The Mexican government considers Pemex to be of strategic importance to Mexico, as it is a profitable public asset, in addition to being the country’s largest taxpayer, according to a World Trade Organization (WTO) report.
Consequently, the federal government considers it crucial to maintain profitability and ensure the company’s long-term sustainability.
To this end, the Ministry of Finance and Public Credit (SHCP) has given priority to solving the structural challenges faced by Pemex: high tax burden; high level of financial debt and its financial cost; and lack of resources to make the necessary investments to maintain the required production levels.
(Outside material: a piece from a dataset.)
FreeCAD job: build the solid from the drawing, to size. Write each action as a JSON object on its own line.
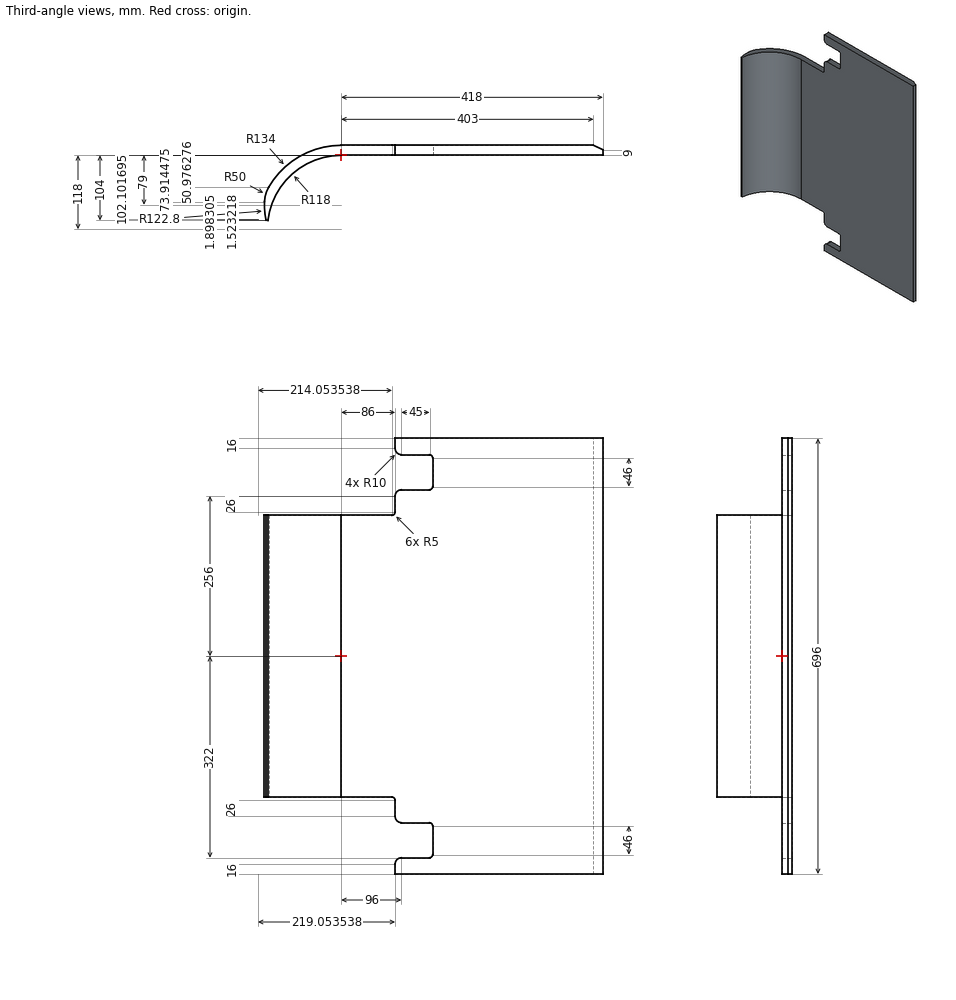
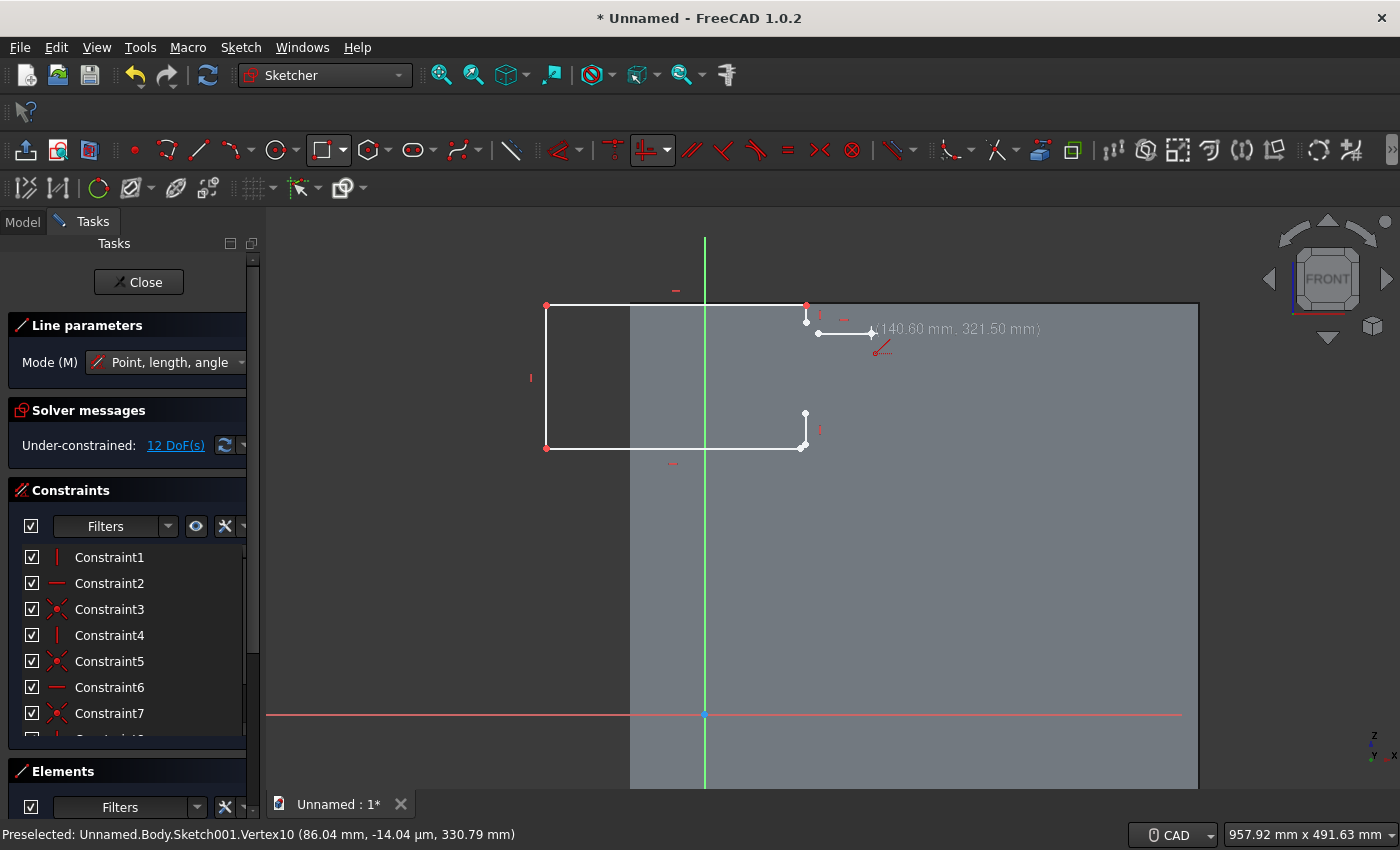
{"action": "scroll", "coordinate": [877, 339], "scroll_direction": "up", "scroll_amount": 4}

The government has set three main objectives to address these challenges: to reduce the profit sharing fee (DUC) from 54% to 40%; to reduce Pemex’s debt through equity contributions from the federal government; and to reduce Pemex’s refinancing risk.
In this context, in December 2021 Pemex announced a repurchase and liability management operation with the objectives of reducing the refinancing risk and the amount of debt.
The federal government would contribute 3.5 billion dollars to support this transaction.
In addition, according to the WTO, mechanisms and a financial structure will be implemented to allow the public sector to co-invest in exploration and extraction projects. Between 2017 and 2021, Pemex received no subsidies or transfers.
Pemex
Following the liberalization of hydrocarbons trade in 2013, the Hydrocarbons Law allowed Pemex to continue trading exclusively until December 31, 2017.
In accordance with the Law, in 2018 the National Hydrocarbons Commission (CNH) tendered and assigned the contract to trade natural gas to the Federal Electricity Commission (CFE) and the contract to trade crude oil to a foreign company.
The contract with the CFE was signed for one year and extended for another year; the crude oil contract was for three years.
In November 2020, when the contracts expired, the CNH directly awarded PEMEX the contract to commercialize the oil and gas. This contract is for five years.
Hydrocarbons
Although a certain level of competition in the hydrocarbons market has been allowed for the past eight years, Pemex still maintains a dominant position.
Pemex is the largest producer, importer and exporter of hydrocarbons and petroleum products, and also owns most of the infrastructure for transportation and storage. Pemex also owns all of the country’s refineries and controls sales to the public.
According to the Hydrocarbons Revenue Law, Pemex must pay monthly the hydrocarbons extraction fee, which is calculated based on the value of the product extracted, in a different manner depending on the product in question, and must also pay annually the shared profit fee.
The DUC is calculated by applying a 54% rate to the difference between the value of the hydrocarbons extracted and the deductions allowed by the Law, including what Pemex consumes, as well as the losses due to spillage or burning.